Sometimes, different aspects of these libraries do not work quite the way you would like to. Both NLTK and SpaCy offer options to add your own rules and exceptions to handle the text in a customized way. Some examples are shown below (note that there are far more customization options than I show here). SpaCy has some good documentation on different possibilities for customization. Here is an example: https://spacy.io/usage/rule-based-matching. Or see https://spacy.io/api/tokenizer for more information on how to use the special case attributes.

**Tokenization**

In [None]:
from spacy.attrs import ORTH, NORM

nlp = spacy.load("en_core_web_sm")
nlp.tokenizer.add_special_case("U.S.", [{ORTH: "U.S.", NORM: "U.S."}])

test_text = "We are going to the U.S."

doc = nlp(test_text)
print([token.text for token in doc])

['We', 'are', 'going', 'to', 'the', 'U.S.']


ORTH is the exact verbatim text of a token. NORM is the normalized form of the text.

An example that is already built into the standard SpaCy lemmatizer would be how to handle "don't", which would look like {ORTH: "do"} and {ORTH: "n't", NORM: "not"}.

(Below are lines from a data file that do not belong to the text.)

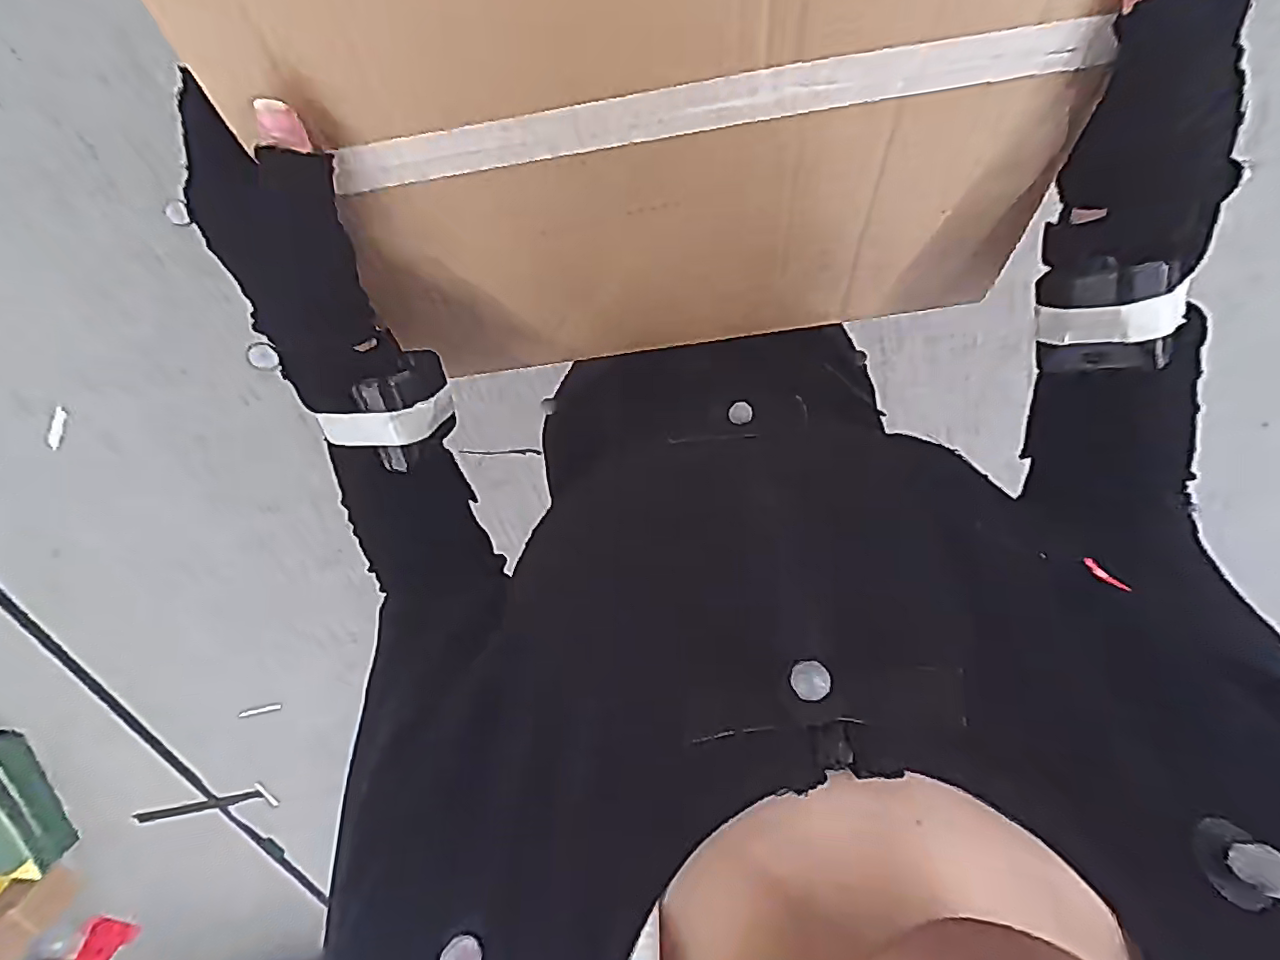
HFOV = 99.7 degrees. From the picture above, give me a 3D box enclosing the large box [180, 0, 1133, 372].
[{"bbox_3d":[0.008,-0.309,0.335,0.408,0.320,0.320,-8,151,3],"label":"large box"}]
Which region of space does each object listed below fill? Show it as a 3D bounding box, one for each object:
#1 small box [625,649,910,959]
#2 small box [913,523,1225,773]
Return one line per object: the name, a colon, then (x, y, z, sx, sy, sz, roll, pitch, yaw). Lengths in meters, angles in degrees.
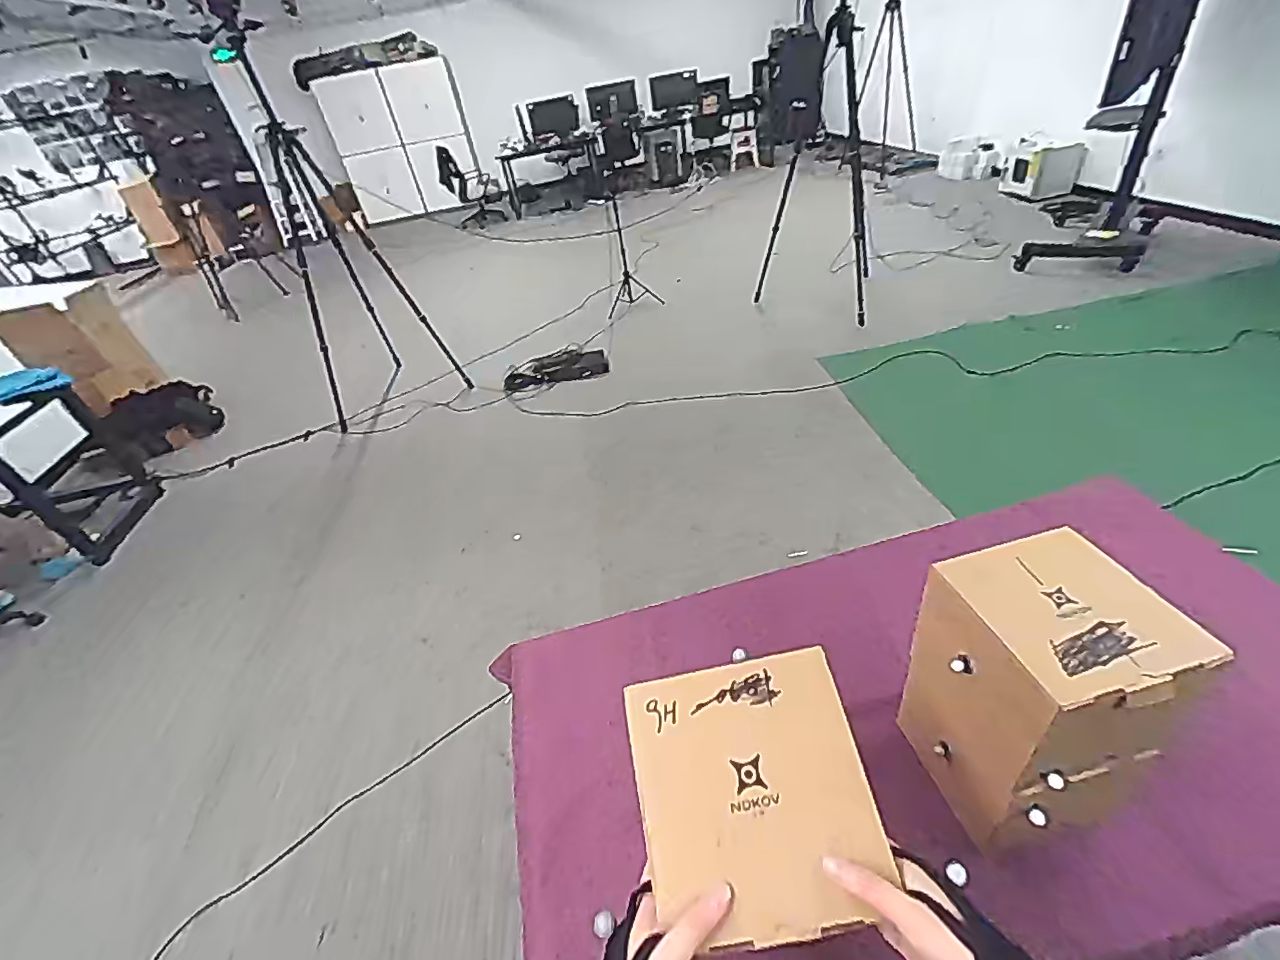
small box: (0.094, 0.260, 0.458, 0.168, 0.176, 0.179, -13, 61, 2)
small box: (0.421, 0.180, 0.571, 0.168, 0.176, 0.179, -15, 36, -4)

As another example, let's say we have the name/title of someone that we want to be considered a single entity. For example,
This could be useful for organizations as well since these are not always properly recognized.

**Parts of Speech Tagging**

In [None]:
from spacy.matcher import Matcher

nlp = spacy.load("en_core_web_sm")

# Define a pattern for the phrase
pattern = [{'LOWER': 'alexander'}, {'LOWER': 'the'}, {'LOWER': 'great'}]

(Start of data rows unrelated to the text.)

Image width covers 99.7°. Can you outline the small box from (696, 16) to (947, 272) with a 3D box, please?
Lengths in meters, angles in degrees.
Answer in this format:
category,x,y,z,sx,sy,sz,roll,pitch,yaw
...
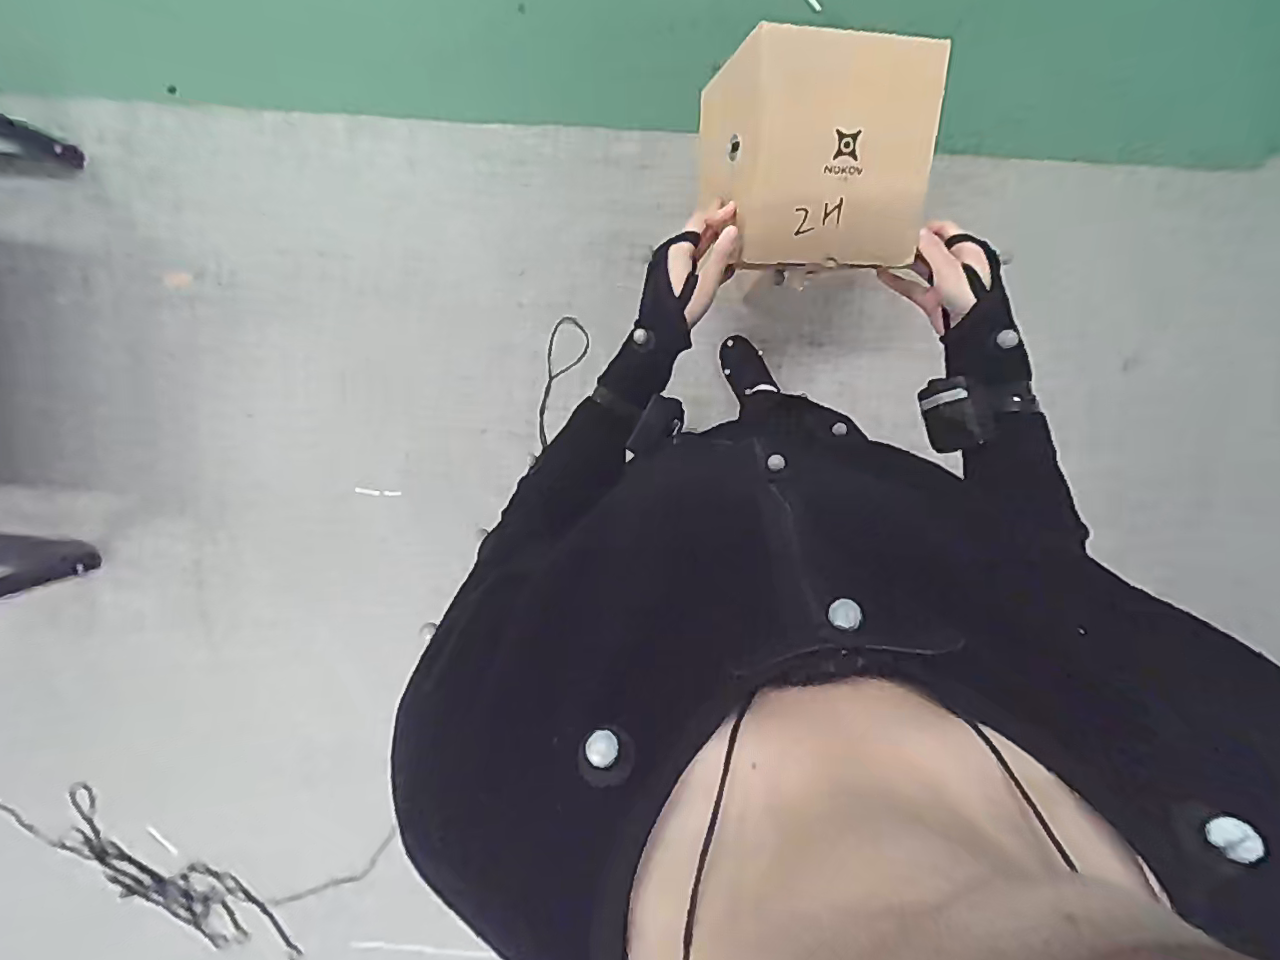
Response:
category,x,y,z,sx,sy,sz,roll,pitch,yaw
small box,0.156,-0.302,0.528,0.168,0.176,0.179,-2,110,-9

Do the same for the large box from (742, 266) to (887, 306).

# Add the phrase and pattern to the entity recognizer
matcher = Matcher(nlp.vocab)
matcher.add("PERSON", [pattern])

In [None]:
doc = nlp("Alexander the Great was a king of the ancient Greek kingdom of Macedon.")
matches = matcher(doc)

for ent in doc.ents:
    print(ent.text, ent.label_)

Alexander the Great PERSON
Greek NORP
Macedon GPE


**Additional stop words**

In [22]:
import spacy
from spacy.lang.en import STOP_WORDS

nlp = spacy.load("en_core_web_sm")

# add new stop words
custom_stop_words = {"custom", "stop", "words"}

# add them to the list of stop words in this spaCy model
for word in custom_stop_words:
    lexeme = nlp.vocab[word]
    lexeme.is_stop = True

sentences = [
    "This is a custom sentence.",
    "The stop sign is red.",
    "These words are important."
]

for sentence in sentences:
    doc = nlp(sentence)
    print(f"Original sentence: {sentence}")
    print("Stop words in the sentence:")
    for token in doc:
        if token.is_stop:
            print(token.text)
    print("----")


Original sentence: This is a custom sentence.
Stop words in the sentence:
This
is
a
custom
----
Original sentence: The stop sign is red.
Stop words in the sentence:
The
stop
is
----
Original sentence: These words are important.
Stop words in the sentence:
These
words
are
----